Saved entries
--------------------------------

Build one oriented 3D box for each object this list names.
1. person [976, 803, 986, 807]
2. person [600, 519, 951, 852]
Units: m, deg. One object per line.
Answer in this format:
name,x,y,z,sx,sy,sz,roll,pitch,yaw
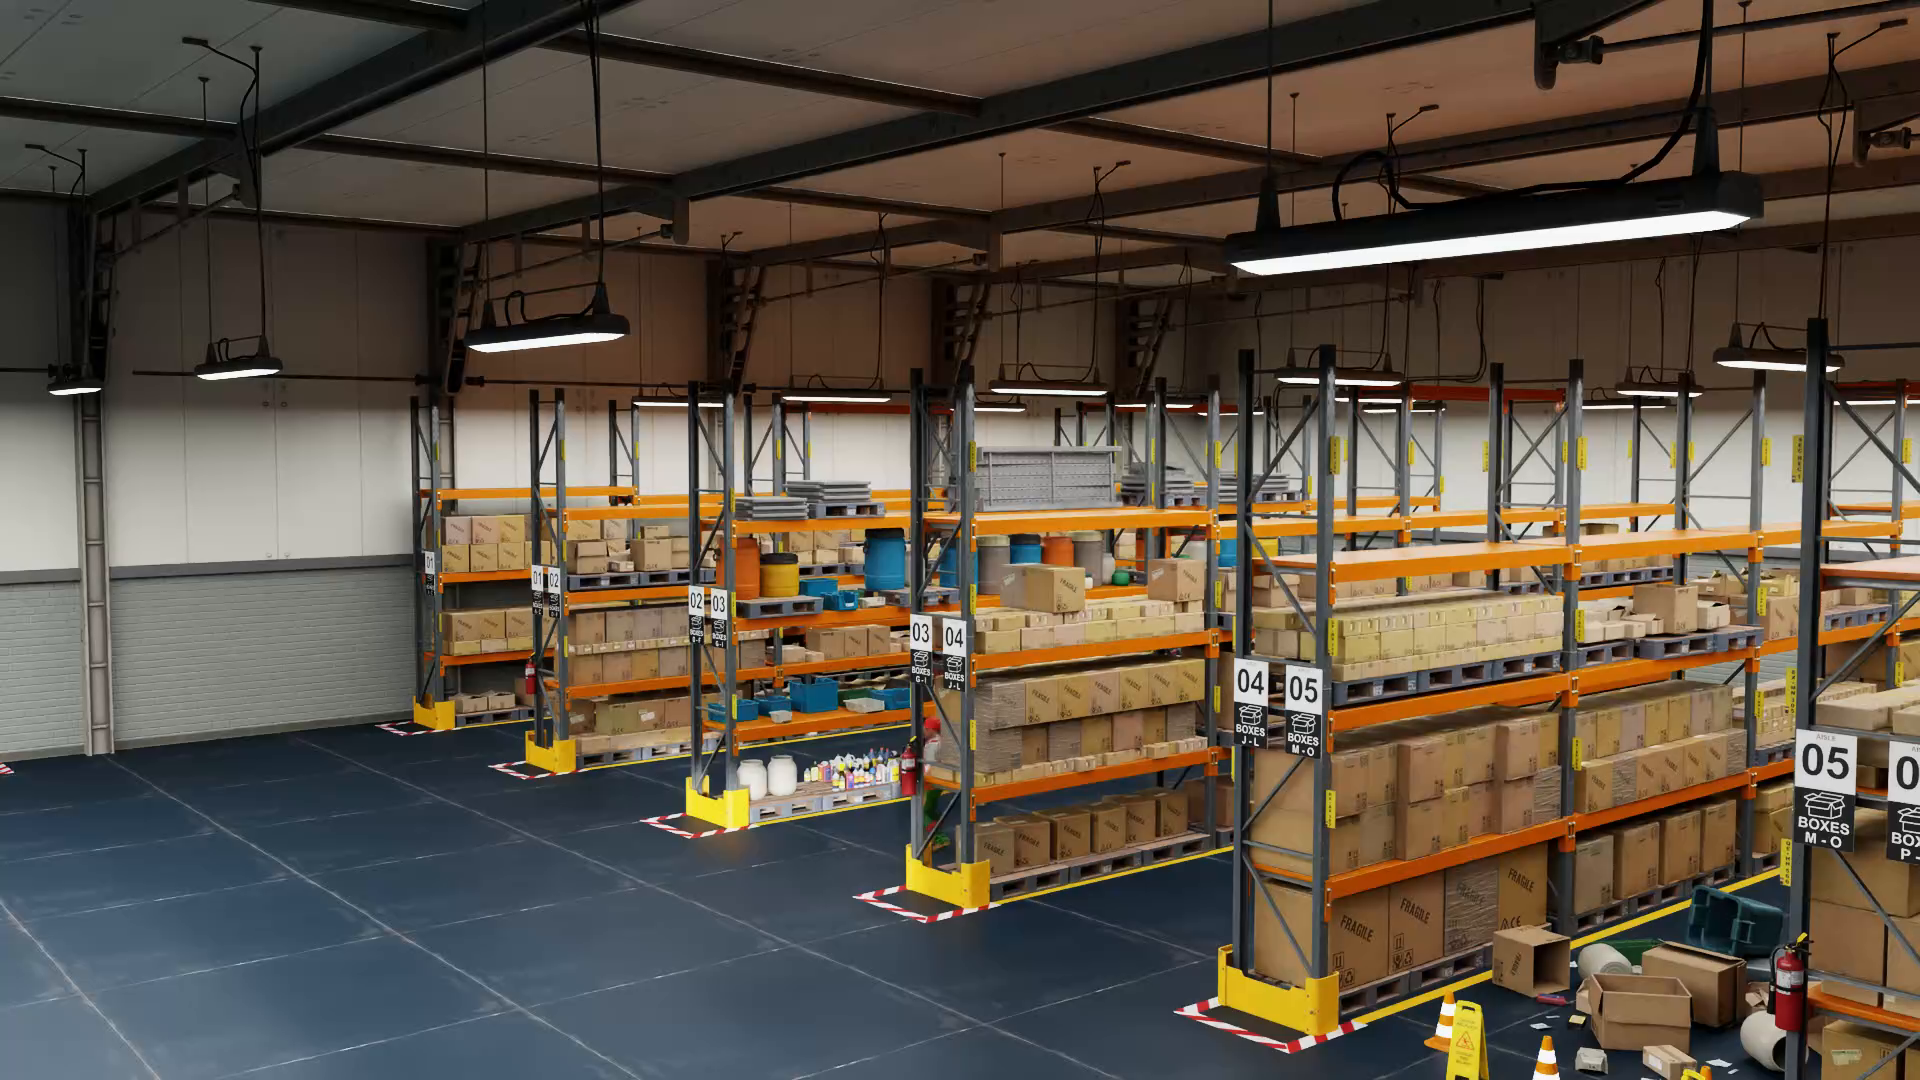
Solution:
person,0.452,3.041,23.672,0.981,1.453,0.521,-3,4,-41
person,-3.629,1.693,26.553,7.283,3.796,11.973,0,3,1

--------------------------------

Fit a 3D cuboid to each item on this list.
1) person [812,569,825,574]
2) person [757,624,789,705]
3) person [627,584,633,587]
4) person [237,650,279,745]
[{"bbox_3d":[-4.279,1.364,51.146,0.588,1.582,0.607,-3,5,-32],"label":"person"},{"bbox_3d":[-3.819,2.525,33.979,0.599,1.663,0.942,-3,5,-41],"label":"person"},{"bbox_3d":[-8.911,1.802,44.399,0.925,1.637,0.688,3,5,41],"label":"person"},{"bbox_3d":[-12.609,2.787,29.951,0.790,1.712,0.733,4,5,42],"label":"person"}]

--------------------------------

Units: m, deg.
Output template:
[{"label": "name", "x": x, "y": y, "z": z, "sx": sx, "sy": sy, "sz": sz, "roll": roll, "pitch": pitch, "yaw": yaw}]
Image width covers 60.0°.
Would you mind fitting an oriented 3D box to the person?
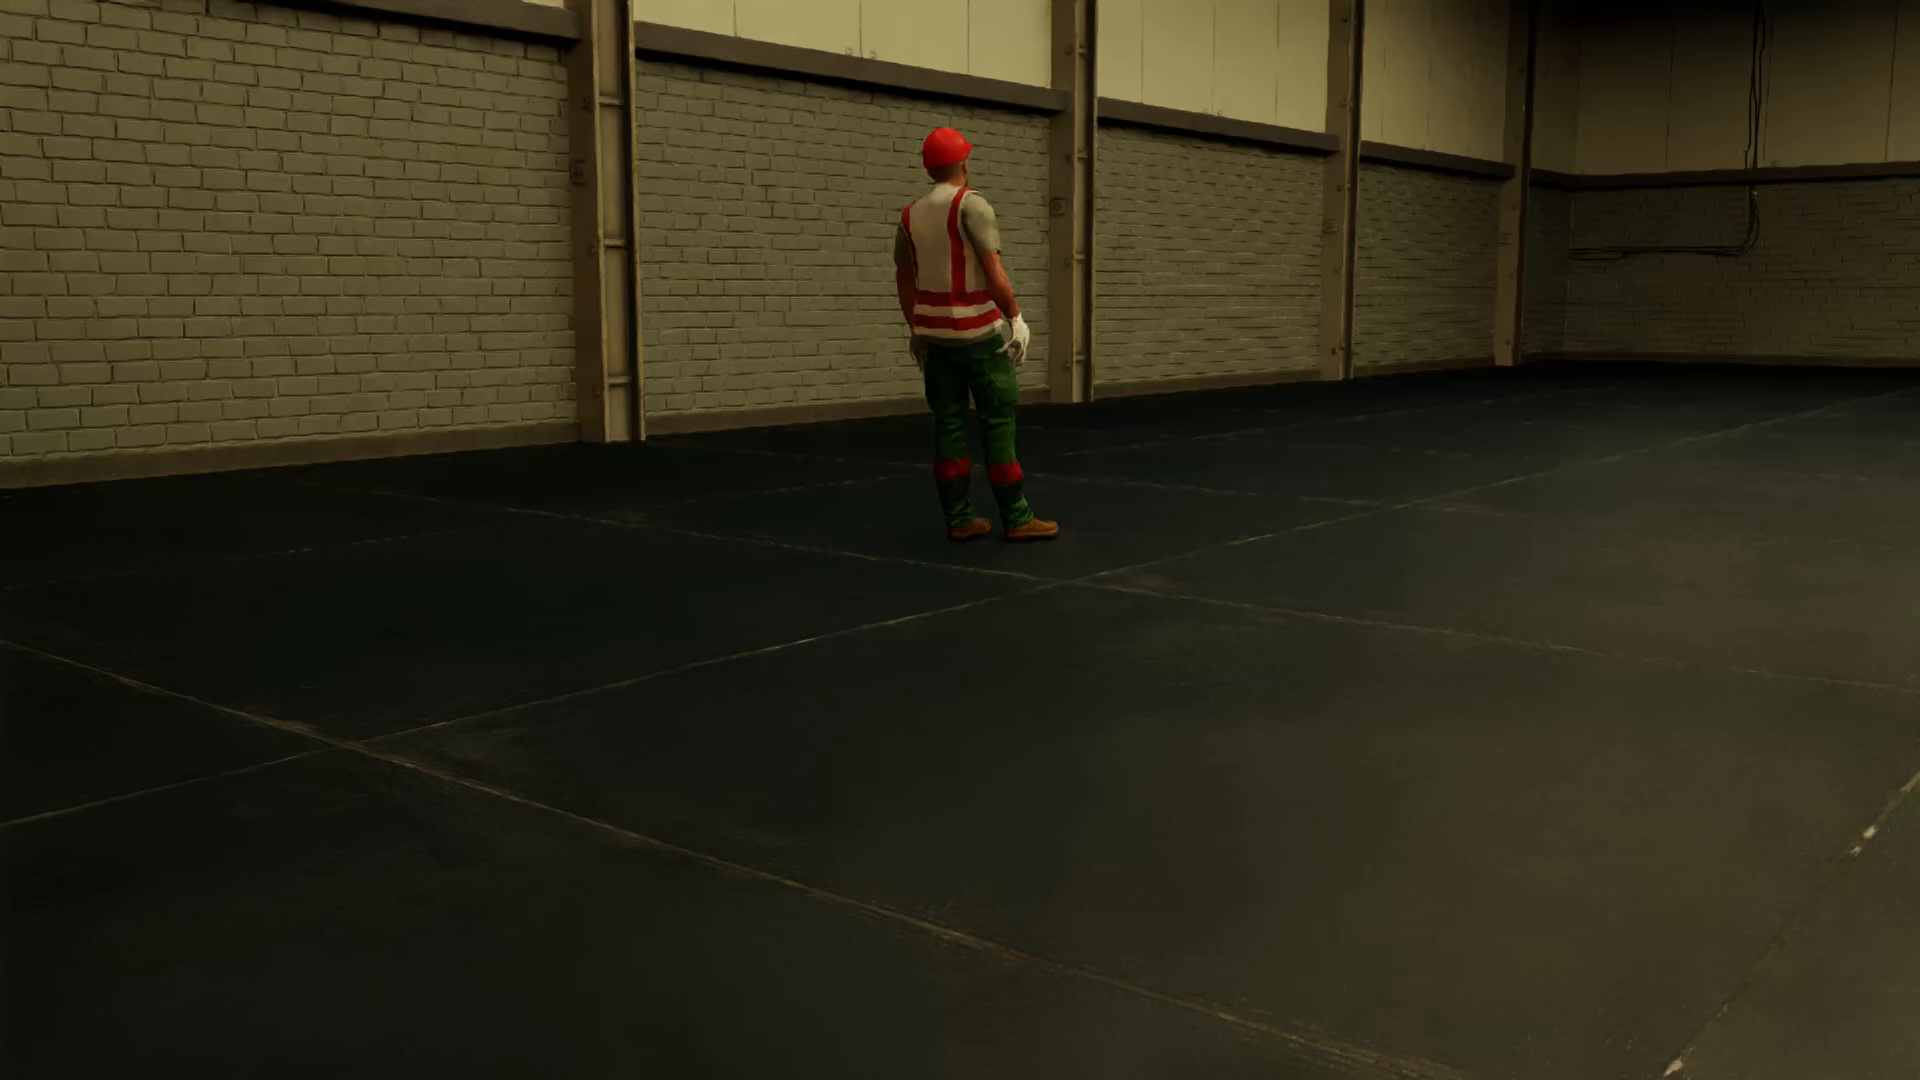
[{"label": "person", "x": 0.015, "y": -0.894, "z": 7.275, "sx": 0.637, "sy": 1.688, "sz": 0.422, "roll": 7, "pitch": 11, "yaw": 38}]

--------------------------------

**TASK ITEM:** Filter by the word "this": copy every line of the data that holds it.

**WRITTEN REPLY:**
Build one oriented 3D box for each object this list names.
Answer in this format:
Fit a 3D cuboid to each item on this list.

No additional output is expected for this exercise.